Ganhou muito destaque nos últimos dias a alta do preço da carne bovina no varejo, e esta informação foi confirmada com a divulgação do Índice de Preços ao Consumidor Amplo – IPCA para o mês de novembro de 2019. O grupo carnes apresentou forte aceleração nos meses de outubro e novembro deste ano, apresentando crescimento de 10% aproximadamente, puxado principalmente pelo aumento do preço da carne bovina (10,88%), seguindo pela carne suína (4,89%) e por último, pela carne de frango (0,53%). Portanto, é facilmente perceptível que o aumento dos preços dos cortes bovinos levou a um aumento da demanda pelas demais carnes (suína e de frango) via substituição e, consequentemente, a elevação dos preços das mesmas. Mas quais as possíveis consequências deste aumento dos preços para a pecuária de leite?
De acordo com dados do IBGE, a produção de leite no Brasil apresentou crescimento médio de 2,3% ao ano no período de 2008 a 2018, passando de 27,6 bilhões de litros para 33,8 bilhões de litros em 2018. No entanto, no mesmo período, o que se observa é uma correlação negativa com a quantidade de vacas ordenhadas, que apresentou redução média de 2,7% ao ano, passando de 21,6 milhões de cabeças para 16,4 milhões de cabeças em 2018. Portanto, ressalta-se que o ganho de produção dos últimos anos é oriundo do aumento da produtividade média do rebanho, que cresceu cerca de 4,93% ao ano, passando de 1.277 litros por vaca ao ano em 2008 para 2.068 litros por vaca ao ano em 2018. Observa-se também um aumento do preço real pago ao produtor no período, que passou de R$1,25/litro em 2008 para R$1,43/litro em 2018, um aumento de 1,37% ao ano no período, de acordo com dados do Cepea.

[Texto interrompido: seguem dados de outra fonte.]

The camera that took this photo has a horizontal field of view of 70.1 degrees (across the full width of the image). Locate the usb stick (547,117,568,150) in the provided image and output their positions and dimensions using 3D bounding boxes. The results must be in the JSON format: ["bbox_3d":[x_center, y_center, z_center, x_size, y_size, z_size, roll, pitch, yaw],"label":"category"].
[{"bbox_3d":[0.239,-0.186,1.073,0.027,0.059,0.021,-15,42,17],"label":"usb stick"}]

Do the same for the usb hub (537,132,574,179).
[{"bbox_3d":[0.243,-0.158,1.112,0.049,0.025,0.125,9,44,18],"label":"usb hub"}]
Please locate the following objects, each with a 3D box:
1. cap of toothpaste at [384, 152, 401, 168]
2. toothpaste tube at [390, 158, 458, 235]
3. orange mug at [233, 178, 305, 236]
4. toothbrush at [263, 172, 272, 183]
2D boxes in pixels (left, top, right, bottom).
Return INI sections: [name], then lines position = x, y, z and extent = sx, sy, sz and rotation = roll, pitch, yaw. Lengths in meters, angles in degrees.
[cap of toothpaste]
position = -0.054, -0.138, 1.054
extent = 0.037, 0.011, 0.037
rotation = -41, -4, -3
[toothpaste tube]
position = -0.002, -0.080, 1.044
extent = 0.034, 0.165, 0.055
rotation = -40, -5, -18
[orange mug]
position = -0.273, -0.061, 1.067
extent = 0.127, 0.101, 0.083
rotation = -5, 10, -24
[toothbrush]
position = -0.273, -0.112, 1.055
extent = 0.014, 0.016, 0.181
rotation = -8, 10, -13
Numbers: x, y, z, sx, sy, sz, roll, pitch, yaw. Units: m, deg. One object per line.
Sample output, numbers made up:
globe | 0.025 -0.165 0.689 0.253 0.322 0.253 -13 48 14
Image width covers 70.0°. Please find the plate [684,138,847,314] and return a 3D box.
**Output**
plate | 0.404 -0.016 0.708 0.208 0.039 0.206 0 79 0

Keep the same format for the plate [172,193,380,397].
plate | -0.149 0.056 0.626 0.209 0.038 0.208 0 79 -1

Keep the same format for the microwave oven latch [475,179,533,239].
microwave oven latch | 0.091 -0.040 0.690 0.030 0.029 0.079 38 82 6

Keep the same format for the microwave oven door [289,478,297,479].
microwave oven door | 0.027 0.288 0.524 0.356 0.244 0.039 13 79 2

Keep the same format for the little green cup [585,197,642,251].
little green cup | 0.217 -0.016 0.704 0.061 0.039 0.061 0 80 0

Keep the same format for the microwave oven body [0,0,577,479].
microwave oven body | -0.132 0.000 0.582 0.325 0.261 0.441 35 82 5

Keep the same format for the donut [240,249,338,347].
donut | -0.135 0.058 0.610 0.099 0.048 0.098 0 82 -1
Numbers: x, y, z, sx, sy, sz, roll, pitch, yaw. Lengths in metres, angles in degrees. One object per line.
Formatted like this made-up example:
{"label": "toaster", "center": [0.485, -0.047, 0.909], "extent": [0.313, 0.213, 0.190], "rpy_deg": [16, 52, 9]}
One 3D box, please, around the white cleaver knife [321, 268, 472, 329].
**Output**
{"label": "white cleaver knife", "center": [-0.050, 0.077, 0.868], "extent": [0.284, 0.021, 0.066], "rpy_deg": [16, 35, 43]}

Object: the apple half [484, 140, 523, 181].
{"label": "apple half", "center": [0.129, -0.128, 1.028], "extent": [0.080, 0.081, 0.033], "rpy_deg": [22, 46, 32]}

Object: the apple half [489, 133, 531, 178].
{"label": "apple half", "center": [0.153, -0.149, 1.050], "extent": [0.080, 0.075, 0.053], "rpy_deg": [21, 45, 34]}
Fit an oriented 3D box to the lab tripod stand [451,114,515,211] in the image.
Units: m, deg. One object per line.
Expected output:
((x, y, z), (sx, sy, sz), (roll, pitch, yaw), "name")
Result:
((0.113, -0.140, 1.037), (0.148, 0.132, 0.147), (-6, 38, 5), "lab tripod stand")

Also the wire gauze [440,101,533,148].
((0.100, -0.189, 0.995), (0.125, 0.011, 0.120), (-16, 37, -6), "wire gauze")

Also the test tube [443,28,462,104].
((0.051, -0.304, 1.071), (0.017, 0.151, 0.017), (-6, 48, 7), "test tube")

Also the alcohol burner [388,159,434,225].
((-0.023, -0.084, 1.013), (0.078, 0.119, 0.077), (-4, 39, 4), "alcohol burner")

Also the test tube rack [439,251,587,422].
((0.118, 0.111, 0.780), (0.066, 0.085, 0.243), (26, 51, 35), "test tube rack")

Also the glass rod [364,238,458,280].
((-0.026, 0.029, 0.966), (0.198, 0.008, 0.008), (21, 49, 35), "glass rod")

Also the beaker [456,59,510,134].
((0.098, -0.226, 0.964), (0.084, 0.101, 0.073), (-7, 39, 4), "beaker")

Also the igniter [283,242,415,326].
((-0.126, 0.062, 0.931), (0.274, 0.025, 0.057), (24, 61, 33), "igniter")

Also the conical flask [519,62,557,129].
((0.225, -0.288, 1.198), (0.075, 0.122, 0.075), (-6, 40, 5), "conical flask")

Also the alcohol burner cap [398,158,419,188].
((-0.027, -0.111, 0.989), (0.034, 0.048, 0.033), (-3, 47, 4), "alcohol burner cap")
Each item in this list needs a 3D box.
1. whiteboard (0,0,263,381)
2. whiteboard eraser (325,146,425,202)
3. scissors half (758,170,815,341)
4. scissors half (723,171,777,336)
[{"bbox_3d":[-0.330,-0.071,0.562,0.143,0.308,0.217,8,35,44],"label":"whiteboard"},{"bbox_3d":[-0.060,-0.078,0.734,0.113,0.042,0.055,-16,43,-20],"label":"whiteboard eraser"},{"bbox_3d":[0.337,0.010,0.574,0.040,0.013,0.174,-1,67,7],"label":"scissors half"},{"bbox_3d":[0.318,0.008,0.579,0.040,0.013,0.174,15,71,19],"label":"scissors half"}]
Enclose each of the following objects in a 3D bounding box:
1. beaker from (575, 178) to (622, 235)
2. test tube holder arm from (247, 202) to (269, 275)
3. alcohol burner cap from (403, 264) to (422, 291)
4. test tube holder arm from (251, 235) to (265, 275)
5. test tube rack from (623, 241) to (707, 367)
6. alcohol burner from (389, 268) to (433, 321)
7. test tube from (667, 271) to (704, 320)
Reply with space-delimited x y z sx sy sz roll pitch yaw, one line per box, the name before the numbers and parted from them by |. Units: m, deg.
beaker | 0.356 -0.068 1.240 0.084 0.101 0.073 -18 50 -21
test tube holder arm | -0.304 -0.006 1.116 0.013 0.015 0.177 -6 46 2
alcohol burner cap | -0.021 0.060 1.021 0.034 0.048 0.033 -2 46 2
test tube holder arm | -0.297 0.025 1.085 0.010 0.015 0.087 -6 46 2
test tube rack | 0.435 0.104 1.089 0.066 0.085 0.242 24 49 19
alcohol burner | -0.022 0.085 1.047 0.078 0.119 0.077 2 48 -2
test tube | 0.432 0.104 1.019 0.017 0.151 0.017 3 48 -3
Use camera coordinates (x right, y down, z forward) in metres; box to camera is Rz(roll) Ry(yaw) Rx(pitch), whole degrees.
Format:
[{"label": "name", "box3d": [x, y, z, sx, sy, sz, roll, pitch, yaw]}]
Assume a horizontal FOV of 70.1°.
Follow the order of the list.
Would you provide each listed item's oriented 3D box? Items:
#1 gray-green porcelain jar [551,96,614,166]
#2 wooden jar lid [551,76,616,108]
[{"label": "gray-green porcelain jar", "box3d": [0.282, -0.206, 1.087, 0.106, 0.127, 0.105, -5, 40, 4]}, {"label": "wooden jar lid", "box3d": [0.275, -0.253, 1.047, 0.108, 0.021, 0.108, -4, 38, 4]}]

Vale destacar que, boa parte da queda de 5,2 milhões de cabeças de vacas ordenhadas no período de 2008 a 2018 pode ter sido direcionada para a pecuária de corte, uma vez que devido ao ganho de produção média das principais matrizes no período, os produtores de leite puderam descartar animais do rebanho leiteiro para a pecuária de corte de forma estratégica, para complementar as receitas e maximizar os ganhos na atividade. Mas como se comportou o preço do boi gordo neste período, houve algum tipo de correlação com a quantidade de vacas ordenhadas? A Figura 1 mostra a evolução das vacas ordenhadas em milhões de cabeças e do preço nominal do boi gordo do Cepea em R$/arroba no período de 2008 a 2019. Ressalta-se que a quantidade de vacas ordenhadas em 2019 é uma previsão baseada na redução média de 2,7% ao ano no período de dez anos anterior. Portanto, percebe-se, como esperado, uma relação inversa entre a quantidade de vacas ordenhadas e o preço nominal do boi gordo, e esta relação torna-se mais acentuada a partir do ano de 2014.
Figura 1 – Preço do boi gordo e quantidade de vacas ordenhadas no Brasil.
Fonte – CEPEA; IBGE.
Desse modo, pode-se afirmar que existe uma relação entre aumento do preço do boi gordo e o aumento do descarte de matrizes leiteiras para a pecuária de corte, no entanto, nos últimos anos, este descarte não foi suficiente para que a produção de leite fosse influenciada, de forma negativa, muito em função dos ganhos de produtividade no período. Além disso, o preço real do boi gordo já foi maior que o atual, que está 6,23% menor do que seus picos históricos alcançados em 2015, de aproximadamente R$170,24/arroba em média, o que reduz o incentivo ao descarte de matrizes para a pecuária de corte neste momento. Assim, espera-se que, com a acomodação dos preços do boi gordo, a produção de leite não seja influenciada e os preços do leite e derivados lácteos mantenham-se estáveis.